AELITA, QUEEN OF MARS
An early science fiction film from Russia. This has been on my radar for years, every now and then I'd catch a glimpse of a photo of some of the remarkable Futurist cubist type sets and costumes for the scenes on Mars, and had been expecting a kind of cross between METROPOLIS and BATTLESHIP POTEMKIN, but got instead a rather tired Soviet propaganda piece, with some admittedly cool bits that weren't cool enough to alleviate the boredom. I fell asleep, and don't feel that I missed much.

OSWALD THE LUCKY RABBIT
A fascinating program of shorts featuring Oswald, Disney's cartoon star before Mickey. Well, the shorts were fascinating. The biggest drawback to the San Francisco Silent Film Festival were the people chosen to introduce the screenings, who occasionally went on too long without saying very much of substance or even interest. The Oswald program had the worst offender in Leonard Maltin, who took a lot of time to tell the audience what pretty much every one of us present almost assuredly already knew about the early history of Walt Disney, without ever once managing to be at all interesting in any way.

I did like the shorts, though. Fast and funny and above all lively. Cartoons at this period were usually pretty simple affairs, you were expected to just sit and appreciate the moving pictures of dogs and cats and mice. These shorts are not much different, but there are little moments that surprise, like an extended bit with a dog who is startled when his hot dog sceams in pain at each impending bite. The dog finally tearfully sets the bun down, and the hot dog runs happily away.

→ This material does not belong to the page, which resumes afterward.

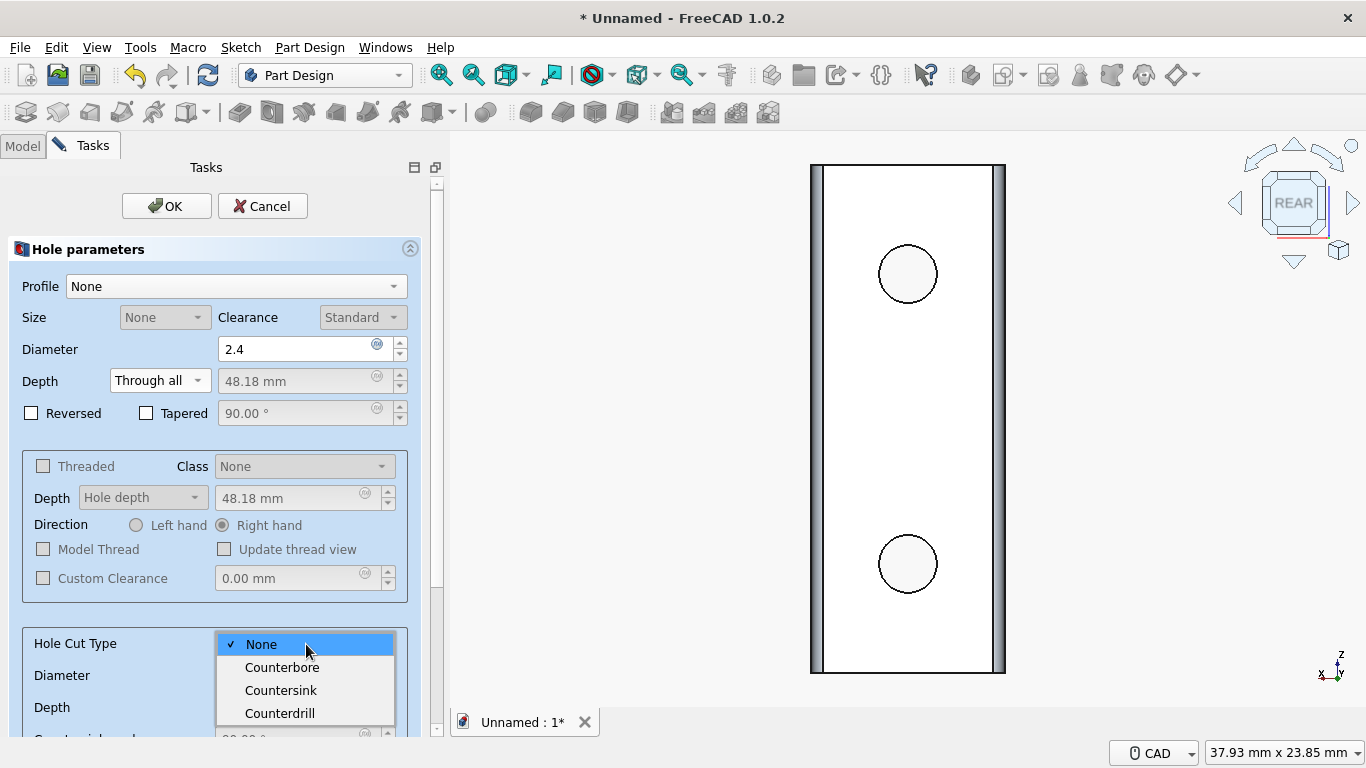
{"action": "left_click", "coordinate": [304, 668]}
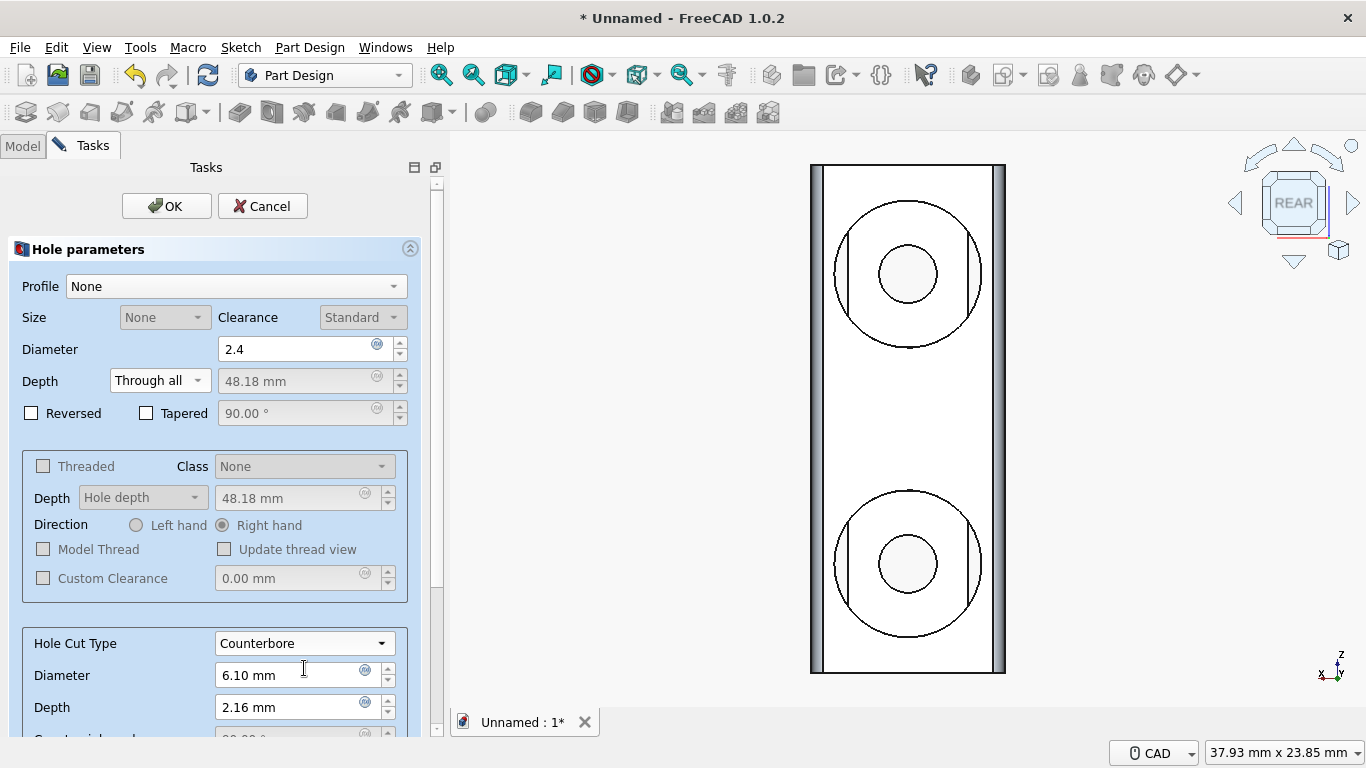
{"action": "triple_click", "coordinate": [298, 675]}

A wonderful festival, all around. I didn't make all of the screenings, but there were plenty who did. The same people seemed to be in the same seats at each screening I attended, clearly having stayed put between shows. I don't know if I have it in me to go quite that far, but the opportunity to see such great prints of these films, in such a great setting, with such an appreciative audience, is not one that I'm likely to pass up often. I think I'll be making this an annual trek.